FIG. 1 is a schematic diagram of a turbine controller.

Fig. 2 is a schematic F1 terminal connection diagram.

Fig. 3 is a schematic diagram of a DI terminal common negative electrode.

Fig. 4 is a schematic diagram of a DI terminal common positive electrode.

Fig. 5 is a DO terminal connection schematic.

Fig. 6 is a schematic diagram of AI terminal current input.

Fig. 7 is a schematic diagram of AI terminal voltage input.

FIG. 8 is a schematic of the AO terminal current output.

Fig. 9 is a schematic diagram of special function terminal connection.

Fig. 10 is a schematic diagram of RS485 terminal connection.

Fig. 11 is a CAN terminal connection schematic diagram.

Detailed Description

The technical solutions of the embodiments of the present utility model will be clearly and completely described below with reference to the accompanying drawings in the embodiments of the present utility model, and it is apparent that the described embodiments are only some embodiments of the present utility model, but not all embodiments, and all other embodiments obtained by those skilled in the art without making creative efforts based on the embodiments of the present utility model are included in the protection scope of the present utility model.
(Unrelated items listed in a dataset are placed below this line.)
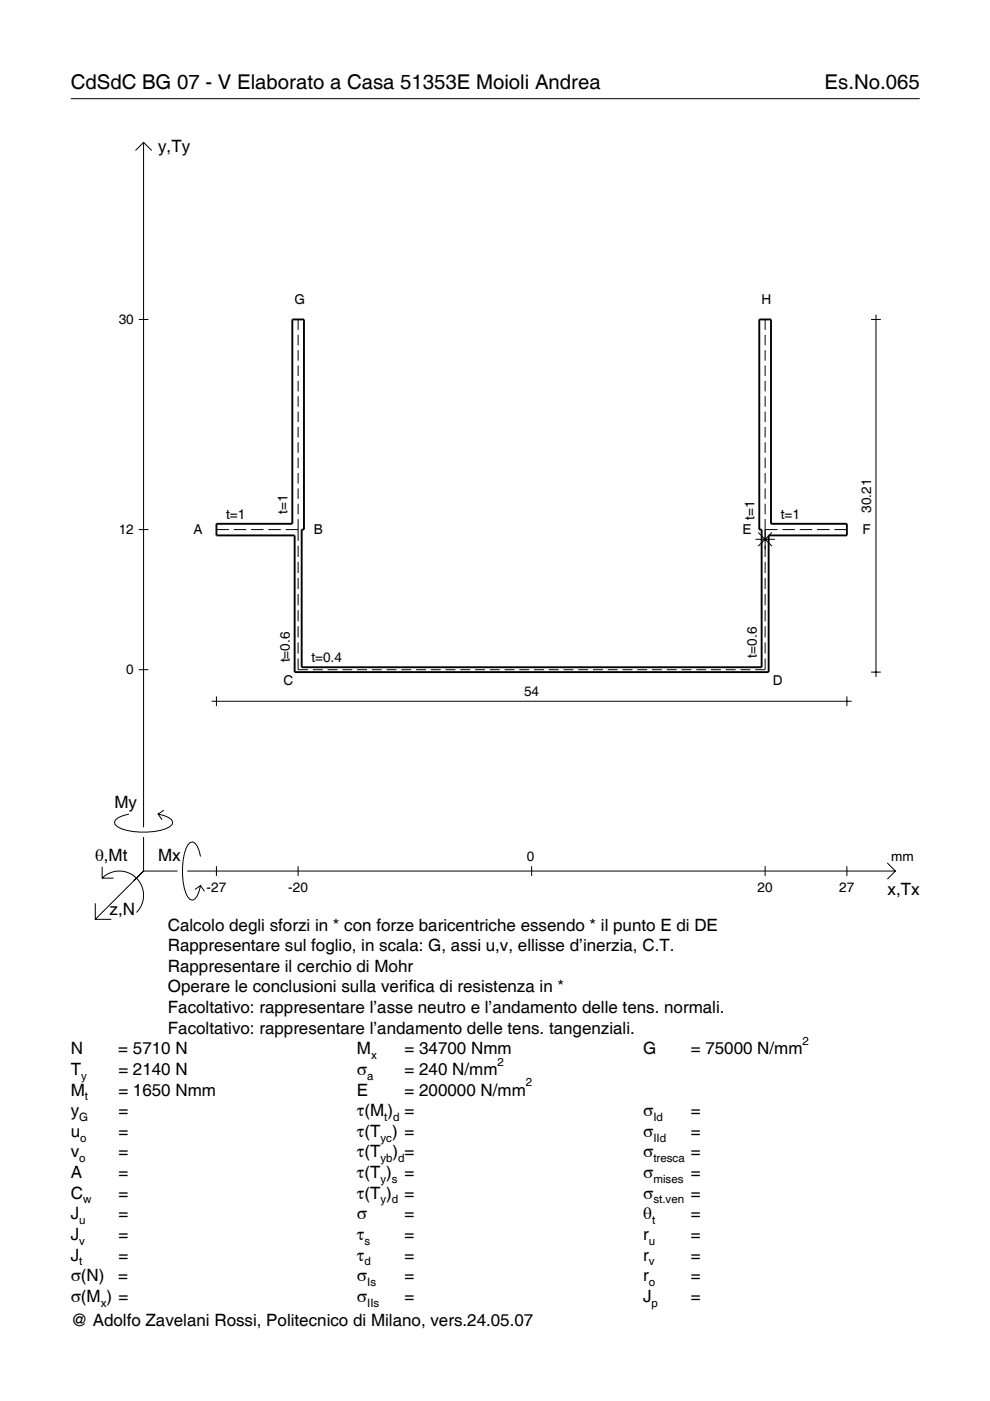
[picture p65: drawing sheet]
<svg xmlns="http://www.w3.org/2000/svg" width="210mm" height="297mm" viewBox="0 0 210 297" stroke-linecap="round" stroke-linejoin="round" font-family="sans-serif">
<defs><g id="words">
<g font-size="4.3">
<text x="15" y="18.9">CdSdC BG 07 - V Elaborato a Casa 51353E Moioli Andrea</text>
<text x="174.8" y="18.9">Es.No.065</text>
</g>
<g font-size="3.6">
<text x="33.5" y="32.3">y,Ty</text>
<text x="24.3" y="171.3">My</text>
<text x="20.1" y="182.6">θ,Mt</text>
<text x="33.5" y="182.6">Mx</text>
<text x="188.2" y="189.8">x,Tx</text>
<text x="23.2" y="193.9">z,N</text>
<text x="35.6" y="197.3">Calcolo degli sforzi in * con forze baricentriche essendo * il punto E di DE</text>
<text x="35.6" y="201.7">Rappresentare sul foglio, in scala: G, assi u,v, ellisse d’inerzia, C.T.</text>
<text x="35.6" y="206">Rappresentare il cerchio di Mohr</text>
<text x="35.6" y="210.4">Operare le conclusioni sulla verifica di resistenza in *</text>
<text x="35.6" y="214.8">Facoltativo: rappresentare l’asse neutro e l’andamento delle tens. normali.</text>
<text x="35.6" y="219.2">Facoltativo: rappresentare l’andamento delle tens. tangenziali.</text>
<text x="15" y="223.5">N</text>
<text x="15" y="227.9">T</text>
<text x="25.1" y="223.5">= 5710 N</text>
<text x="25.1" y="227.9">= 2140 N</text>
<text x="75.7" y="227.9">σ</text>
<text x="75.7" y="223.5">M</text>
<text x="85.8" y="223.5">= 34700 Nmm</text>
<text x="85.8" y="227.9">= 240 N/mm</text>
<text x="136.4" y="223.5">G</text>
<text x="146.5" y="223.5">= 75000 N/mm</text>
<text x="15" y="232.3">M</text>
<text x="25.1" y="232.3">= 1650 Nmm</text>
<text x="75.7" y="232.3">E</text>
<text x="85.8" y="232.3">= 200000 N/mm</text>
<text x="15" y="236.7">y</text>
<text x="25.1" y="236.7">=</text>
<text x="75.7" y="236.7">τ(M ) =</text>
<text x="136.4" y="236.7">σ</text>
<text x="146.5" y="236.7">=</text>
<text x="15" y="241">u</text>
<text x="15" y="245.4">v</text>
<text x="25.1" y="241">=</text>
<text x="25.1" y="245.4">=</text>
<text x="75.7" y="241">τ(T ) =</text>
<text x="75.7" y="245.4">τ(T</text>
<text x="83.3" y="245.4">) =</text>
<text x="136.4" y="241">σ</text>
<text x="136.4" y="245.4">σ</text>
<text x="146.5" y="241">=</text>
<text x="146.5" y="245.4">=</text>
<text x="15" y="249.8">A</text>
<text x="25.1" y="249.8">=</text>
<text x="75.7" y="249.8">τ(T )</text>
<text x="85.8" y="249.8">=</text>
<text x="136.4" y="249.8">σ</text>
<text x="146.5" y="249.8">=</text>
<text x="15" y="254.2">C</text>
<text x="25.1" y="254.2">=</text>
<text x="75.7" y="254.2">τ(T )</text>
<text x="85.8" y="254.2">=</text>
<text x="136.4" y="254.2">σ</text>
<text x="146.5" y="254.2">=</text>
<text x="15" y="258.5">J</text>
<text x="15" y="262.9">J</text>
<text x="25.1" y="258.5">=</text>
<text x="25.1" y="262.9">=</text>
<text x="75.7" y="258.5">σ</text>
<text x="75.7" y="262.9">τ</text>
<text x="85.8" y="258.5">=</text>
<text x="85.8" y="262.9">=</text>
<text x="136.4" y="258.5">θ</text>
<text x="136.4" y="262.9">r</text>
<text x="146.5" y="258.5">=</text>
<text x="146.5" y="262.9">=</text>
<text x="15" y="267.3">J</text>
<text x="25.1" y="267.3">=</text>
<text x="75.7" y="267.3">τ</text>
<text x="85.8" y="267.3">=</text>
<text x="136.4" y="267.3">r</text>
<text x="146.5" y="267.3">=</text>
<text x="15" y="271.7">σ(N)</text>
<text x="25.1" y="271.7">=</text>
<text x="75.7" y="271.7">σ</text>
<text x="85.8" y="271.7">=</text>
<text x="136.4" y="271.7">r</text>
<text x="146.5" y="271.7">=</text>
<text x="15" y="276">σ(M ) =</text>
<text x="15" y="281.2">@ Adolfo Zavelani Rossi, Politecnico di Milano, vers.24.05.07</text>
<text x="75.7" y="276">σ</text>
<text x="85.8" y="276">=</text>
<text x="136.4" y="276">J</text>
<text x="146.5" y="276">=</text>
</g>
<g font-size="2.9">
<text x="62.5" y="64.6">G</text>
<text x="161.5" y="64.6">H</text>
<text x="25.2" y="68.7">30</text>
<text x="25.2" y="113.3">12</text>
<text x="41.1" y="113.2">A</text>
<text x="47.9" y="110">t=1</text>
<text x="60.9" y="109" transform="rotate(-90 60.9 109)">t=1</text>
<text x="66.5" y="113.2">B</text>
<text x="157.4" y="113.2">E</text>
<text x="160" y="110.2" transform="rotate(-90 160 110.2)">t=1</text>
<text x="165.5" y="110">t=1</text>
<text x="182.9" y="113.2">F</text>
<text x="184.7" y="108.7" transform="rotate(-90 184.7 108.7)">30.21</text>
<text x="26.8" y="143">0</text>
<text x="61.4" y="140.4" transform="rotate(-90 61.4 140.4)">t=0.6</text>
<text x="66" y="140.4">t=0.4</text>
<text x="160.5" y="139.4" transform="rotate(-90 160.5 139.4)">t=0.6</text>
<text x="60.1" y="145.3">C</text>
<text x="111.1" y="147.7">54</text>
<text x="163.9" y="145.3">D</text>
<text x="111.7" y="182.6">0</text>
<text x="189" y="182.6">mm</text>
<text x="43.8" y="189.1">-27</text>
<text x="61.1" y="189.1">-20</text>
<text x="160.6" y="189.1">20</text>
<text x="178" y="189.1">27</text>
</g>
<g font-size="2.4">
<text x="170.2" y="221.5">2</text>
<text x="78.7" y="224.5">x</text>
<text x="105.5" y="225.9">2</text>
<text x="17.2" y="228.9">y</text>
<text x="18" y="233.3">t</text>
<text x="77.9" y="228.9">a</text>
<text x="111.5" y="230.3">2</text>
<text x="16.8" y="237.7">G</text>
<text x="81.5" y="237.7">t d</text>
<text x="138.5" y="237.7">Id</text>
<text x="17" y="242">o</text>
<text x="80.7" y="242">yc</text>
<text x="138.5" y="242">IId</text>
<text x="16.8" y="246.4">o</text>
<text x="80.7" y="246.4">yb d</text>
<text x="80.7" y="250.8">y s</text>
<text x="138.5" y="246.4">tresca</text>
<text x="138.5" y="250.8">mises</text>
<text x="17.6" y="255.2">w</text>
<text x="80.7" y="255.2">y d</text>
<text x="138.5" y="255.2">st.ven</text>
<text x="16.8" y="259.5">u</text>
<text x="16.8" y="263.9">v</text>
<text x="77.3" y="263.9">s</text>
<text x="137.6" y="263.9">u</text>
<text x="138.2" y="259.5">t</text>
<text x="16.8" y="268.3">t</text>
<text x="77.3" y="268.3">d</text>
<text x="137.6" y="268.3">v</text>
<text x="77.9" y="272.7">Is</text>
<text x="137.6" y="272.7">o</text>
<text x="21.4" y="277">x</text>
<text x="77.9" y="277">IIs</text>
<text x="138.2" y="277">p</text>
</g>
</g></defs>
<g fill="none" stroke="#000" stroke-width=".21">
<path d="M15 20.9h180M28.7 31.9l1.7-1.7 1.8 1.7M30.4 30.2v145.2M29.4 67.7h2.1M63.2 67.7v2.3M63.2 71v2.2M63.2 74.2v2.3M63.2 77.5v2.2M162.2 67.7v2.3M162.2 71v2.2M162.2 74.2v2.3M162.2 77.5v2.2"/>
<path d="M184.7 67.7h2.1M185.7 66.7v76.8M63.2 80.8v2.2M63.2 84v2.2M63.2 87.3v2.2M63.2 90.5v2.3M63.2 93.8v2.2M63.2 97v2.3M162.2 80.8v2.2M162.2 84v2.2M162.2 87.3v2.2M162.2 90.5v2.3"/>
<path d="M162.2 93.8v2.2M162.2 97v2.3M29.4 112.3h2.1M45.9 112.3h2.6M49.6 112.3h2.6M53.2 112.3h2.7M56.9 112.3h2.6M60.6 112.3h2.6M63.2 100.3v2.2M63.2 103.6v2.2M63.2 106.8v2.2M63.2 110.1v4.6"/>
<path d="M63.2 115.7v2.4M63.2 119.1v2.4M160.2 114.3h4.1M160.8 112.9l2.9 2.9M162.2 112.3h2.7M162.2 100.3v2.2M162.2 103.6v2.2M162.2 106.8v2.2M162.2 110.1v8M162.2 119.1v2.4M163.7 112.9l-2.9 2.9M165.9 112.3h2.6"/>
<path d="M169.6 112.3h2.6M173.2 112.3h2.7M176.9 112.3h2.7M63.2 139.6v2.4h2.1M63.2 122.5v2.4M63.2 125.9v2.4M63.2 129.4v2.3M63.2 132.8v2.4M63.2 136.2v2.4M162.2 139.6v2.4h-2.1M162.2 122.5v2.4M162.2 125.9v2.4"/>
<path d="M162.2 129.4v2.3M162.2 132.8v2.4M162.2 136.2v2.4M29.4 142h2.1M44.9 148.7h135.7M45.9 147.7v2M66.3 142h2.1M69.5 142h2.1M72.6 142h2.1M75.7 142h2.1M78.8 142h2.1M82 142h2.1"/>
<path d="M85.1 142h2.1M88.2 142h2.1M91.3 142h2.1M94.5 142h2.1M97.6 142h2.1M100.7 142h2.1M103.9 142h2M107 142h2.1M110.1 142h2.1M113.2 142h2.1M116.4 142h2.1M119.5 142h2.1"/>
<path d="M122.6 142h2.1M125.7 142h2.1M128.9 142h2.1M132 142h2.1M135.1 142h2.1M138.2 142h2.1M141.4 142h2.1M144.5 142h2.1M147.6 142h2.1M150.7 142h2.1M153.9 142h2.1M157 142h2.1"/>
<path d="M179.6 147.7v2M184.7 142.5h2.1M27.3 172.6a3.6 3.6 0 0 0-3 1.7l.1 .5a5.7 5.7 0 0 0 3.8 1.5 13.3 13.3 0 0 0 7.8-1l.5-.5 .1-.5a3.6 3.6 0 0 0-3.1-1.7l.8 1.2M30.4 177.5v7.2M34.7 171.8l-1.2 .8M20.2 191.5v3.4h3.4M21.7 186.2a5.1 5.1 0 0 1 7.2 0 5.1 5.1 0 0 1 0 7.3M21.7 183.8v2.4h2.4M30.4 184.7l-10.2 10.2M30.4 184.7l-2 2M30.4 184.7h7.2M39.7 184.7h150.1"/>
<path d="M42.5 181.6a3.6 3.6 0 0 0-1.7-3.1l-.5 .1a5.7 5.7 0 0 0-1.5 3.8 13.3 13.3 0 0 0 1 7.8l.5 .5 .5 .2a3.6 3.6 0 0 0 1.7-3.1l-1.2 .8M42.5 187.8l.8 1.2M45.9 183.7v2M63.2 183.7v2M112.7 183.7v2M162.2 183.7v2M179.6 183.7v2M188.1 183l1.7 1.7-1.7 1.7"/>
</g>
<path d="M62 67.7h2.4v44.6h-.4v29.2h97.5v-29.2h-.5v-44.6h2.5v43.4h16.1v2.4h-16.6v29h-100.5v-29h-16.6v-2.4h16.1z" fill="none" stroke="#000" stroke-width=".4"/>
<use href="#words"/>
</svg>

Referring to FIG. 1, a turbine controller, comprising:

the power module is used for supplying power;

the analog quantity output module (AO) is used for outputting the analog quantity of the MCU main control module;

the analog input module (AI) is used for introducing analog quantity and outputting the analog quantity to the MCU main control module;

the digital quantity input module (DI) is used for introducing digital quantity and outputting the digital quantity to the MCU main control module;

the digital quantity output module (DO) is used for outputting the digital quantity of the MCU main control module;

In particular embodiments: referring to fig. 1 and 9, the mcu main control module controls the feeding speed of the mill by outputting PWM signals through the motor driver or the thyristor control board. The controller acquires parameters such as the rotation speed of host equipment such as the turbine level in real time through AI, DI and FI corresponding modules, and outputs corresponding AO and DO control signals according to the parameters, so that the turbine rotation speed is stably controlled at a target rotation speed; the AI and DI corresponding modules are used for collecting the material level and flow parameters in real time, accurately outputting AO and DO control signals, controlling the feeding speed of the pulverizer, and stabilizing the material level at the target material level.

In this embodiment: referring to fig. 1, the mcu master control module includes a single chip microcomputer, where the single chip microcomputer is of an ASL100 type, and the ASL100 has 3 AI terminals, 2 AO terminals, 6 DI terminals, 2 DO terminals, 1 FI terminal, 1 PWM terminal, a special signal terminal for an actuator, and CAN and RS485 communication terminals.

ASL100 has two serial communication functions, CAN carry out data exchange with Modbus master station, realizes functions such as rotation speed detection, regulation and overspeed protection of turbine or other host equipment (corresponding to RS485 communication), expands other functions through Canbus, and supports Can2.0B (corresponding to CAN communication) at present.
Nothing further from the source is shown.